When running containers at scale on an infrastructure made of immutable servers, how does an application identify where to connect to in order to find the service it requires? In this case you need a Service Discovery solution.
Service Discovery offers the ability to:
- Register and unregister a service
- Check the health of a particular instance of the service
- Balance the load among the “discovered” services.
They involve creating a directory of services, registering services in that directory, and then being able to look up and connect to services in that directory.
When we want to use Service Discovery, we have three options:
- Build service discovery solutions by yourself.
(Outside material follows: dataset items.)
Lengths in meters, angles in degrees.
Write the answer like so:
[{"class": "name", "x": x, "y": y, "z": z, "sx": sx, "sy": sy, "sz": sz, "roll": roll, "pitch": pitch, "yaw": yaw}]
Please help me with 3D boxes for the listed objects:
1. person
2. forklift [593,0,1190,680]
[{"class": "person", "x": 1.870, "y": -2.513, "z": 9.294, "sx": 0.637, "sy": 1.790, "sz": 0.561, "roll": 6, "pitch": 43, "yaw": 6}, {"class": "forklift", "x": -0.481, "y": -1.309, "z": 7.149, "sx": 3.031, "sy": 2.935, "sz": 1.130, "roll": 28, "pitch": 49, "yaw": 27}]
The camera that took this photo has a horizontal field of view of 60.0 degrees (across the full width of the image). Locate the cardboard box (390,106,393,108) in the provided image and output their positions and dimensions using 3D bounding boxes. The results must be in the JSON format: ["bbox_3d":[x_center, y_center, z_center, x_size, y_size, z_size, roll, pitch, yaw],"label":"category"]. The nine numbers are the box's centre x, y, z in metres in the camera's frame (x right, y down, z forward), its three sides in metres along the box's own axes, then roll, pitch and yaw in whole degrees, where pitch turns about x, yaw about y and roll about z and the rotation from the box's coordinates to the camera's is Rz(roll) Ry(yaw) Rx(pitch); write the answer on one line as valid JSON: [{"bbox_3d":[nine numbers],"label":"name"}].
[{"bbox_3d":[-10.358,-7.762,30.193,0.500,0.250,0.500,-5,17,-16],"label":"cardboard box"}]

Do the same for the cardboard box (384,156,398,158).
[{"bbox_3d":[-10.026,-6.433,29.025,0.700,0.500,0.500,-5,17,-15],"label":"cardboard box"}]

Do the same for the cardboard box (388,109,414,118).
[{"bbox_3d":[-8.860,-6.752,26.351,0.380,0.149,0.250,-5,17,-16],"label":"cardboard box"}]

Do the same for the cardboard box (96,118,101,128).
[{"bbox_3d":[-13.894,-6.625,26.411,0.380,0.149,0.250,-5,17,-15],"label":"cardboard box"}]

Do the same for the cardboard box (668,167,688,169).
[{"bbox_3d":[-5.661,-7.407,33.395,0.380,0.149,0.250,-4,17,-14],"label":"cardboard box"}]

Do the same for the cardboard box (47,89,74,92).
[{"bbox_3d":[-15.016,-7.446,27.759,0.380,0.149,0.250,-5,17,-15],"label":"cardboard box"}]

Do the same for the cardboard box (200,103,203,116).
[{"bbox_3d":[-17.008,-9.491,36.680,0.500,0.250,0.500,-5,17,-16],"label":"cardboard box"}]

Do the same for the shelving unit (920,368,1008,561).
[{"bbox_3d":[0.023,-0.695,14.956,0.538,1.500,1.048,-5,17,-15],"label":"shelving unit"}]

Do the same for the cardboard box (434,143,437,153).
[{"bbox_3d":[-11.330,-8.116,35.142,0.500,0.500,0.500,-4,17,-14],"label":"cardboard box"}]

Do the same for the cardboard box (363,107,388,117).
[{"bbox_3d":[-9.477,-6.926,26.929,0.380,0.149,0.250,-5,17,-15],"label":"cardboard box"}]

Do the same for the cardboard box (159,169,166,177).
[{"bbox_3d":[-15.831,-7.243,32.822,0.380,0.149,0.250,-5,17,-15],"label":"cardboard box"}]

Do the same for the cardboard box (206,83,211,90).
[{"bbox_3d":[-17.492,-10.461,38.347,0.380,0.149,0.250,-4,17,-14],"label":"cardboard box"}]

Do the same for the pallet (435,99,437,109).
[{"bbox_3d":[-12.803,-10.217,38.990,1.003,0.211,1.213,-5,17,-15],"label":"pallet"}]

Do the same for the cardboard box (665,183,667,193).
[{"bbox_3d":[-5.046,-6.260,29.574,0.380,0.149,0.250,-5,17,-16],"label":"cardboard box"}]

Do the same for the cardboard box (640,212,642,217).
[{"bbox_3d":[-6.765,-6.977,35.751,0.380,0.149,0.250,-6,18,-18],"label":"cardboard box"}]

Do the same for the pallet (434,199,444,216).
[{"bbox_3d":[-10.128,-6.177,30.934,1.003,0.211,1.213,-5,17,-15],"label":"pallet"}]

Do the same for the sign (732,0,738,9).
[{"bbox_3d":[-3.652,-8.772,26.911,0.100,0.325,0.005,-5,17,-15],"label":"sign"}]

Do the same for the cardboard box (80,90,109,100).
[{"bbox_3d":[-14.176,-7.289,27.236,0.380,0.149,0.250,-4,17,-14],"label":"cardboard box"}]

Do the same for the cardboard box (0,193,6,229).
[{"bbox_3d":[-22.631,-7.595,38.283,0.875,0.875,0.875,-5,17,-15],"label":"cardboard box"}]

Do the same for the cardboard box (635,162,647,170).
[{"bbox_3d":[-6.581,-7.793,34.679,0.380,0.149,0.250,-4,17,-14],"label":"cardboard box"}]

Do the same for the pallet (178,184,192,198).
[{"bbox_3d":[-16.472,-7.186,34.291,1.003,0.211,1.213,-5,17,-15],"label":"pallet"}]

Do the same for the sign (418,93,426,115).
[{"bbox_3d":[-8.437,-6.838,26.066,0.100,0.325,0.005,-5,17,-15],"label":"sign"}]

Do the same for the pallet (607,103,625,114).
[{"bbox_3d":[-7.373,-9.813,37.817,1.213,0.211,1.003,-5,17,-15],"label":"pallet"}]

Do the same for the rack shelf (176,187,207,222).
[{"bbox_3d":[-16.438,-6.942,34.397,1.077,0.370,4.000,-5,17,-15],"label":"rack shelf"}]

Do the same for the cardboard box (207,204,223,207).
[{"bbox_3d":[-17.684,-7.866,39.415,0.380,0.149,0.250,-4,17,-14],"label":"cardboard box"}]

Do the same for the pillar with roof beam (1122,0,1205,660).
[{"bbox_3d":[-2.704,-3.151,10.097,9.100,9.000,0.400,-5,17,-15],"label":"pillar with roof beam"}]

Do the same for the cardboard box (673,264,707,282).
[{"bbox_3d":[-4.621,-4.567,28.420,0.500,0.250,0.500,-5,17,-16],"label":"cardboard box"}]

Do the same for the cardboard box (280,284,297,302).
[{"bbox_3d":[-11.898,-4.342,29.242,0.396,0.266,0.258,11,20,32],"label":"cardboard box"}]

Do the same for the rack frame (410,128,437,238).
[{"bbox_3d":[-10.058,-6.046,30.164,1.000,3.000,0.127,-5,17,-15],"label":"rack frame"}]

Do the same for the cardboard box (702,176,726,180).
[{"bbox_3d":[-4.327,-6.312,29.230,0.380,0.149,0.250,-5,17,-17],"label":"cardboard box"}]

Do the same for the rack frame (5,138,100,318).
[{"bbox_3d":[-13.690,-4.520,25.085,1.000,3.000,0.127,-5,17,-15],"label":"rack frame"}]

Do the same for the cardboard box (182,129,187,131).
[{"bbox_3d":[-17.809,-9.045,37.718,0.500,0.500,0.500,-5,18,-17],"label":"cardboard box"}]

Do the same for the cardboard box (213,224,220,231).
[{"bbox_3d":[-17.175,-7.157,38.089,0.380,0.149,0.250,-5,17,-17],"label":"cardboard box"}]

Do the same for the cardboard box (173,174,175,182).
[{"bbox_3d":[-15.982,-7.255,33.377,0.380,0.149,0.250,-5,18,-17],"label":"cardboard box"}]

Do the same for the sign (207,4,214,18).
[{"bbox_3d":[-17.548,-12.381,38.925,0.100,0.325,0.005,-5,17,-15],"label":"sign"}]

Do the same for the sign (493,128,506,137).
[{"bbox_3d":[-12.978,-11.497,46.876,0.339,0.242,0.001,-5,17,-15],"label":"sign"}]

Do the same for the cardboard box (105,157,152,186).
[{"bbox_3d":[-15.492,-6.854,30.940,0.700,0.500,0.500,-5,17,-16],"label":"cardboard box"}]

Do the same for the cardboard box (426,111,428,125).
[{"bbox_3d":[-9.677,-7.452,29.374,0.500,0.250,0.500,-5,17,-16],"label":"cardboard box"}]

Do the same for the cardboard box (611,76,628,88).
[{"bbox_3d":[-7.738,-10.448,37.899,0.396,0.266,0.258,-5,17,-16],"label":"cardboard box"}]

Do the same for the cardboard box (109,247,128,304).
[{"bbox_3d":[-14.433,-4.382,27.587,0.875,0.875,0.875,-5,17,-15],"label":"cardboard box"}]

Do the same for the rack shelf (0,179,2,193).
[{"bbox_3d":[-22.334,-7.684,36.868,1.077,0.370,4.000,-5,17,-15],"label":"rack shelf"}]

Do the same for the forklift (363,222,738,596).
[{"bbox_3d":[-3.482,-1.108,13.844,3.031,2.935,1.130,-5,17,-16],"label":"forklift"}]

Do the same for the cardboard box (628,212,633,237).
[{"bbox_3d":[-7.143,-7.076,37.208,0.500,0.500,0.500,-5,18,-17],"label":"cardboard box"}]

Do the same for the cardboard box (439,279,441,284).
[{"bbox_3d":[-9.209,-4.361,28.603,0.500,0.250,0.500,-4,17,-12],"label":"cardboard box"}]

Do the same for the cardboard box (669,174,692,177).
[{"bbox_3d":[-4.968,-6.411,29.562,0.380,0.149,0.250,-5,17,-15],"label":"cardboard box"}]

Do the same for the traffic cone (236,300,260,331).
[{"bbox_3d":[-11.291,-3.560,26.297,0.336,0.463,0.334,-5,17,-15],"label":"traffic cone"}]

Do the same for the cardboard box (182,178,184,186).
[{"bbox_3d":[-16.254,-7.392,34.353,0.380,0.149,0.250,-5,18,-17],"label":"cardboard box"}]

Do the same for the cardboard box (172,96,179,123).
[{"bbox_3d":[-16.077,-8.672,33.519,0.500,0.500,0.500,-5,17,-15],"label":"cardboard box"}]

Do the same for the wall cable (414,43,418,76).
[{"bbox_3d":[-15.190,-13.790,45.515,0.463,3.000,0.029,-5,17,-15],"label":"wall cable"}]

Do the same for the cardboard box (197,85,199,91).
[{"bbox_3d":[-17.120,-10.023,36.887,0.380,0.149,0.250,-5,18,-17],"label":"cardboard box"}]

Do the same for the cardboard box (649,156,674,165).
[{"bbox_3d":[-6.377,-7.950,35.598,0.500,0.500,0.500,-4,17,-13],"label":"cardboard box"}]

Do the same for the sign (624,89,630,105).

Check architecture that demonstrates a DNS- and load balancer-based solution on Amazon EC2 Container Service.
- Use on-premise solutions such as Consul or ZooKeeper.
- User cloud solutions such as Azure Naming Service or AWS Application Discovery Service
Anything else?
I explained the most common tools that have proven their worth with microservice architecture. If you have something to add to my list, feel free to suggest it in the comments.